Он потер подбородок, вдруг задумавшись.
— Я не знаю. Днем я согласился бы с тобой, но теперь не уверен. Ни в чем не уверен.
— Нет, ты скажи мне прямо. Ты думаешь, на него напали? Кто‑то проник в дом?
— Возможно. А Себастьян, войдя в дом, спугнул грабителя.
— Прежде, чем тот успел что‑либо взять, — ты это хочешь сказать? Ведь ты говорил, что ничего не пропало.
— Ну да, картины и прочие ценности, вроде, на месте. С другой стороны у Себастьяна могло быть и что‑то еще, что могло соблазнить вора.
— Например? — я покачала головой. — Что‑то я не понимаю, о чем ты…
— Слушай, Вивьен. Ты же знаешь, что Себастьян таскал при себе много всего любопытного. Или, может быть, в комнате находились какие‑либо документы.
— Джек, — резко оборвала его я, — Но если кто‑то пришел за документами, то это уже предумышленное преступление, не так ли? Ведь смотри, вор, проникший в дом в поисках любой добычи, это одно. А вор, проникший в дом, чтобы украсть документ, — совершенно другое. Значит, он знал, куда идет и за чем.
Джек кивнул.
— Здесь ты права.
— А почему ты подумал о документах? Что‑нибудь пропало? И какие это могут быть документы, по‑твоему?
— Этого я не знаю. И честно говоря, не знаю даже, почему я подумал об этом. Разве потому, что Себастьян сказал, что едет на ферму поработать? Уж что‑что, а лгать он не умел. И если он сказал, что едет просмотреть какие‑то бумаги, значит, так оно и было. Но никаких бумаг там не оказалось, во всяком случае таких, с которыми он мог бы работать…
— А те бумаги, которые были разбросаны в библиотеке? — прервала я Джека.
— На полу и на столе — письма, самая обыкновенная корреспонденция, всякие счета и записки от разных людей. Но по тому, как он говорил в четверг, было ясно, что он имеет в виду действительно работу с важными документами. Постой, дай подумать. Он ведь произнес слово «документы». Наверное, поэтому я и подумал о них сейчас. — Он пожал плечами. — Видишь ли, Вив, я не был в Лорел Крик целую вечность, откуда же мне знать, пропало там что‑нибудь или нет. Об этом лучше спросить у миссис Крейн. Но это касается только произведений искусства. А что до его бумаг, тут и она ничего не сможет сказать.
— Да, этого она знать не может. — Я вздохнула. — Похоже, мы зашли в тупик.

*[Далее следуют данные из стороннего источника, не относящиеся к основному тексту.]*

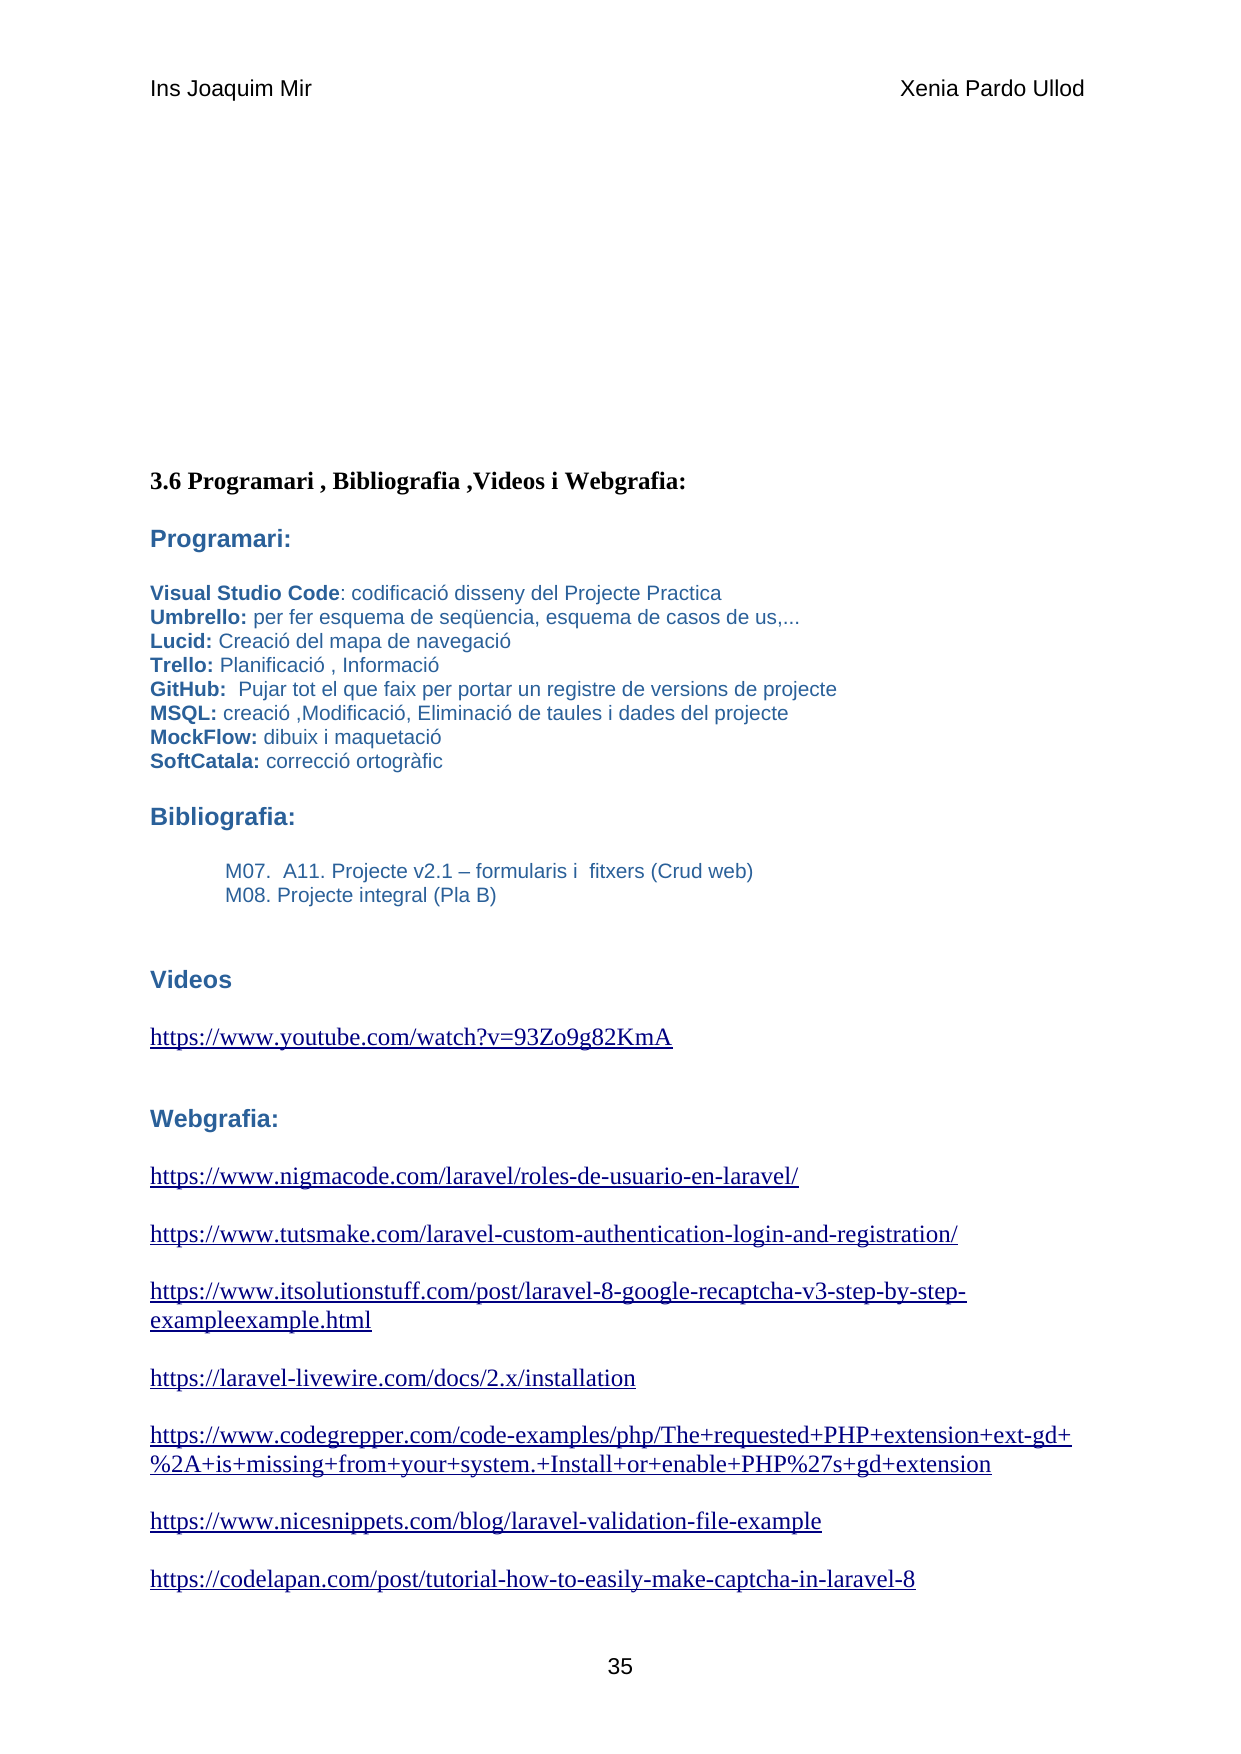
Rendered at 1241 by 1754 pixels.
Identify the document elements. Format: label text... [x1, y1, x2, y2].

text Programari: [150, 524, 1090, 552]
text https://www.nigmacode.com/laravel/roles-de-usuario-en-laravel/ [150, 1161, 1090, 1190]
text Webgrafia: [150, 1104, 1090, 1133]
text Visual Studio Code: codificació disseny del Projecte Practica [150, 581, 1090, 605]
text https://laravel-livewire.com/docs/2.x/installation [150, 1363, 1090, 1391]
text https://www.codegrepper.com/code-examples/php/The+requested+PHP+extension+ext-gd+%2A+is+missing+from+your+system.+Install+or+enable+PHP%27s+gd+extension [150, 1420, 1090, 1478]
text https://www.youtube.com/watch?v=93Zo9g82KmA [150, 1022, 1090, 1051]
text https://codelapan.com/post/tutorial-how-to-easily-make-captcha-in-laravel-8 [150, 1564, 1090, 1593]
text Videos [150, 965, 1090, 993]
text Trello: Planificació , Informació [150, 653, 1090, 677]
text MockFlow: dibuix i maquetació [150, 725, 1090, 749]
text Umbrello: per fer esquema de seqüencia, esquema de casos de us,... [150, 605, 1090, 629]
text https://www.tutsmake.com/laravel-custom-authentication-login-and-registration/ [150, 1219, 1090, 1248]
text M08. Projecte integral (Pla B) [150, 883, 1090, 907]
text Bibliografia: [150, 802, 1090, 830]
text GitHub: Pujar tot el que faix per portar un registre de versions de projecte [150, 677, 1090, 701]
text 3.6 Programari , Bibliografia ,Videos i Webgrafia: [150, 466, 1090, 495]
text https://www.nicesnippets.com/blog/laravel-validation-file-example [150, 1506, 1090, 1535]
text Lucid: Creació del mapa de navegació [150, 629, 1090, 653]
text SoftCatala: correcció ortogràfic [150, 749, 1090, 773]
text https://www.itsolutionstuff.com/post/laravel-8-google-recaptcha-v3-step-by-step-exampleexample.html [150, 1276, 1090, 1334]
text M07. A11. Projecte v2.1 – formularis i fitxers (Crud web) [150, 859, 1090, 883]
text MSQL: creació ,Modificació, Eliminació de taules i dades del projecte [150, 701, 1090, 725]

— Угу… — Джек покачал головой, и опять на лице его проступило замешательство. Потом он разразился целым потоком слов:
— Понимаешь, Вив, я с тобой не согласен. Я не думаю, что он умер своей смертью. Я думаю, что он был убит. Скорее всего, грабитель проник в дом. Себастьян застал его врасплох. Тот выбежал из дому. Себастьян погнался за ним. Произошла схватка. И Себастьян был убит. Непреднамеренно.
— Или его убил кто‑то, кто был с ним на ферме, по не известной нам причине, — заметила я.
Джек подумал с минуту. Затем медленно, с несвойственной ему задумчивостью, сказал:
— Это все умозрительные заключения. Ничего они нам не дадут. — Внимательно глядя на меня, он добавил: — Согласись, Вивьен, мы не узнаем, отчего он умер, пока не получим результаты вскрытия из Фармингтона.
Мне ничего другого не оставалось, как только кивнуть. Я согласилась с ним, во всяком случае с его последним замечанием.
3
После ухода Джека я долго бродила по дому, загрузила посудомоечную машину и навела порядок в кабинете и столовой.
В какой‑то момент я даже попыталась приняться за свой очерк, надеясь, что смогу закончить правку, но ничего не получилось. Попробую завтра утром, решила я, а если мне так и не удастся сосредоточиться, пусть остается все как есть. Очерк должен появиться в лондонской газете в пятницу, и самое позднее в среду я должна его отправить в каком бы то ни было виде.